The jugal is a skull bone found in most reptiles, amphibians and birds.  In mammals, the jugal is often called the malar or zygomatic.  It is connected to the quadratojugal and maxilla, as well as other bones, which may vary by species.

Anatomy 
The jugal bone is located on either side of the skull in the circumorbital region. It is the origin of several masticatory muscles in the skull. The jugal and lacrimal bones are the only two remaining from the ancestral circumorbital series: the prefrontal, postfrontal, postorbital, jugal, and lacrimal bones.

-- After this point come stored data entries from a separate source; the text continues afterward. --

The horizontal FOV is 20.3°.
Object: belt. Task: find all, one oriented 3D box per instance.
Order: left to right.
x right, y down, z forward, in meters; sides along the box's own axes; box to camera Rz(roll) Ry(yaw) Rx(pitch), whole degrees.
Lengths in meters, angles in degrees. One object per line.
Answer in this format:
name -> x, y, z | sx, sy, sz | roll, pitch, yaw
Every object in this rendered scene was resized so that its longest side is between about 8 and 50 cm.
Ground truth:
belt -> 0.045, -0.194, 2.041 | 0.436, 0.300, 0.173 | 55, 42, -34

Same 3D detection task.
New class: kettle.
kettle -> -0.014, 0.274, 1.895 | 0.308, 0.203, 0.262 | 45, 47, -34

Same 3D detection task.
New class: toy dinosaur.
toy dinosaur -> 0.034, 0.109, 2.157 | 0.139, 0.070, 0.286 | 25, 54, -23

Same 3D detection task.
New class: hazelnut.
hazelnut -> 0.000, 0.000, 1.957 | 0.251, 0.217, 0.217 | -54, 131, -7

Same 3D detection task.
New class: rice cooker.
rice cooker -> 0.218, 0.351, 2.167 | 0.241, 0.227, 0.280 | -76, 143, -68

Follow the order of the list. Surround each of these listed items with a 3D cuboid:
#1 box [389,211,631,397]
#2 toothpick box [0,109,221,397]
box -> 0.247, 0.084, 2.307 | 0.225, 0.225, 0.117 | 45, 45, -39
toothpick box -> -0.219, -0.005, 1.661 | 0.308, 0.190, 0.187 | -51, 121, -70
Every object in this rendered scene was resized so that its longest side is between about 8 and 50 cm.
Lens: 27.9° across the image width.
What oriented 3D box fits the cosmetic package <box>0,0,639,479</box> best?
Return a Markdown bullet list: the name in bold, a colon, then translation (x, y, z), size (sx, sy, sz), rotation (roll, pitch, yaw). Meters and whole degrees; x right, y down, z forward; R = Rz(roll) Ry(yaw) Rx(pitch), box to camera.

During development, the jugal bone originates from dermal bone.

In dinosaurs 
This bone is considered key in the determination of general traits in cases in which the entire skull has not been found intact (for instance, as with dinosaurs in paleontology). In some dinosaur genera the jugal also forms part of the lower margin of either the antorbital fenestra or the infratemporal fenestra, or both.  Most commonly, this bone articulates with the quadratojugal, the postorbital, the lacrimal, and the maxilla.  In horned dinosaurs, like Pentaceratops, the jugal bone is thick and comes to a point, which has led paleontologists to refer to it as the "jugal horn".

Function

In reptiles 
In non-avian dinosaurs, the jugal bone functioned as passive structural support during biting, and not as a site of jaw muscle attachment. In extant reptiles, the jugal bone continues to form the orbit of the eye and provide passive structural support.

In birds 
While the jugal bone is thick and straplike in most other reptiles, the jugal bone is thin and strutlike in birds. This is thought to reduce the weight of the skull and facilitate cranial kinesis.

In mammals 
In mammals, including humans, the jugal bone is more commonly referred to as the zygoma. It assists in constructing the facial contour, protecting the eye from damage, and providing attachment sites for facial muscles. The zygoma provides important functions as the origin of the masseter muscle and as a point of resistance for masticatory forces. Preliminary studies also indicate that variation in zygomatic structure may be useful in determining ancestral origins of modern human populations.